What buyers should ask
Three questions:
- "What is your declared regression threshold for each published benchmark?"
- "Can you show me a release in the last year that was delayed because a gate tripped?"
- "What is your rollback target from regression detection to production baseline?"
Griffin AI can answer all three with specific numbers. A Mythos-class competitor who cannot answer any of them is shipping to you without a safety net.
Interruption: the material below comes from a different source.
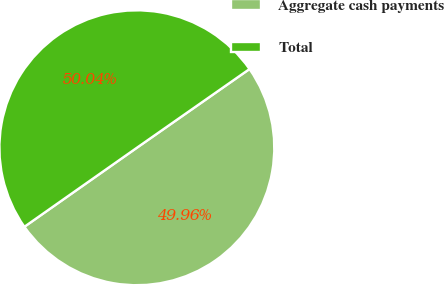Convert chart. <chart><loc_0><loc_0><loc_500><loc_500><pie_chart><fcel>Aggregate cash payments<fcel>Total<nl><fcel>49.96%<fcel>50.04%<nl></chart>

Why this is more important than it sounds
The dynamic that makes regression gates so load-bearing is subtle. AI models in production receive continuous implicit updates; retrieval corpora change, upstream advisories update, underlying foundation models version, prompt libraries evolve. A tool that does not gate these changes is a tool that is drifting without measurement.
Drift that is caught by a gate is a blip. Drift that is not caught by a gate becomes a new baseline. Over 12 months, ungated drift can cost a vendor 5-10 points on a benchmark they used to win on. The customer, meanwhile, has no idea. Their experience of the tool has slowly gotten worse.
That is the real cost of not publishing a regression-gate process. It is not that any single release will be bad. It is that the product itself will be quietly worse every quarter, and there will be no mechanism to reverse the trend because there was never a mechanism to detect it.
The bottom line
Gates are where published benchmarks become operational instead of decorative. A vendor that publishes benchmark numbers but does not gate releases on them is decorating a press release. Griffin AI gates releases on published thresholds, documents the delays, and holds a 15-minute rollback target. If your AppSec AI vendor cannot describe the equivalent, you are trusting their model to get better on its own. It will not.